2. Drivers Behind the Market Collapse: Ironically, successful efforts by utilities to undermine California's retail market, a necessary requirement if wholesale electricity competition was to work, has left them facing bankruptcy serving the millions of customers they successfully captured. Additional short-sighted actions contributing to the crisis:

  • Natural gas deregulation in 1992-93 eliminated incentives to store natural gas in back-up reservoirs, adding to the recent run-up in natural gas prices.
  • Utilities abandoned approximately 2,000 MW of energy efficiency efforts California - enough power to supply two million homes. If implemented, the efficiency savings could have helped prevent blackouts, ameliorated price spikes, and provide the conditions for California green power choice.
  • Almost 1400 MW of renewable and cogeneration capacity (684 MW Edison, 246 MW PG&E, 451 MW SDG&E) was to be acquired through an auction that was bid but never purchased because the utilities petitioned the FERC to kill the auction as discriminatory against other power generators. Edison claimed that it did not need power until 2004 one month before it cancelled the conservation on which that forecast was based (see second bullet below). California spent $90 million of ratepayer money in AB 1890 (the state restructuring bill) to offset liability costs incurred by the utilities for killing these contracts and didn't get a single kilowatt-hour.

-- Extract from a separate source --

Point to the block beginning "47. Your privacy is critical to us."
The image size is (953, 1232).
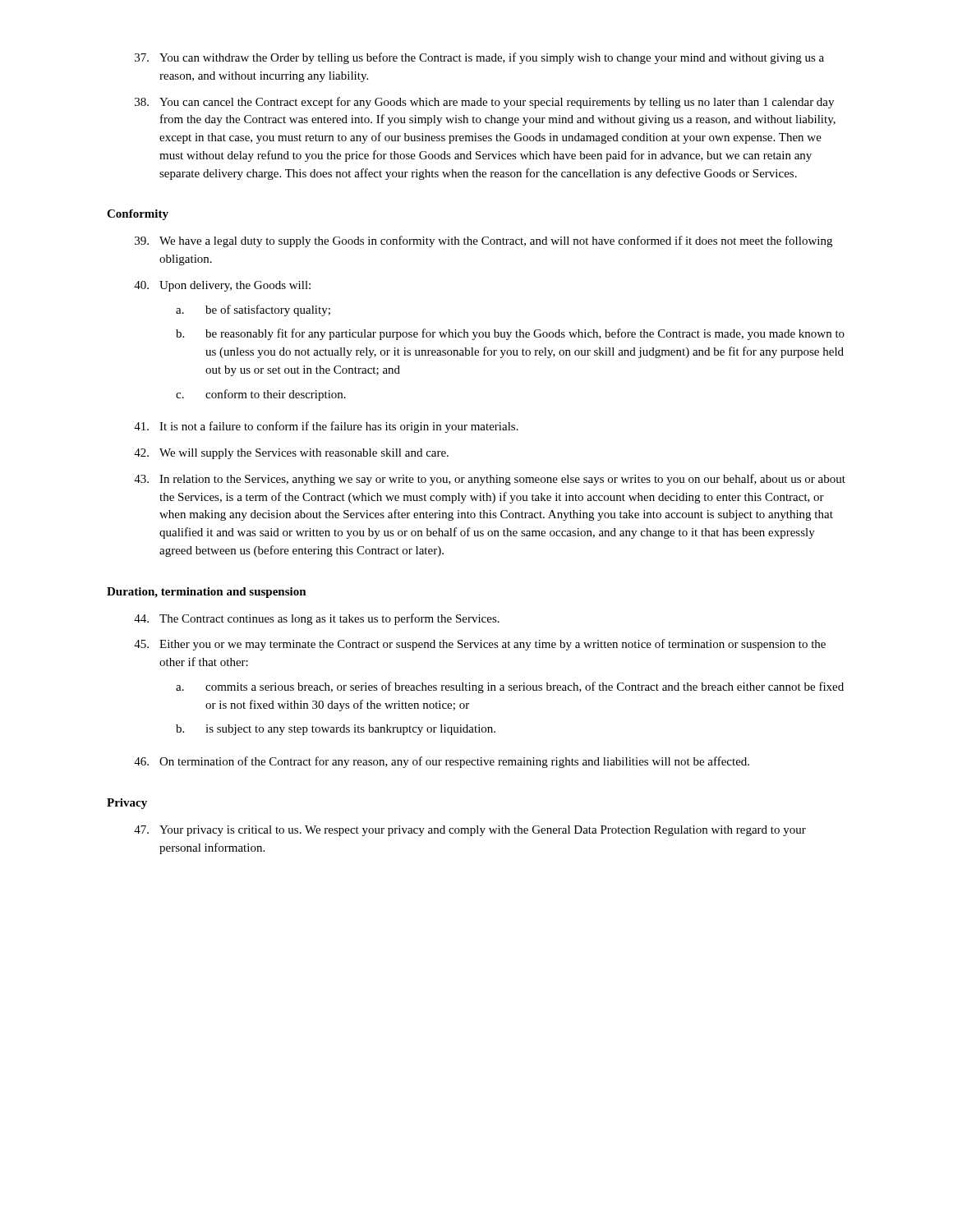[x=476, y=839]

3. Green Power Is Succeeding Elsewhere: Green power is flourishing in other states:
The Green-e Renewable Energy Certification Program is active in Pennsylvania, New Jersey, and other Mid-Atlantic states, Connecticut, New York, and other New England states, Ohio, and Texas. These markets feature over 100 thousand green power customers. Utility green pricing programs in deregulated states are operating in the Pacific Northwest; Tennessee Valley; Iowa; Colorado; Georgia, Alabama, Minnesota and Wisconsin. Tens of thousands of customers are purchasing green energy in these markets. While roughly one percent of California consumers switched to green power, over 10 percent of Pennsylvanians have switched to new providers. Rules make the difference -- Pennsylvania made it easier for consumers to save money when switching.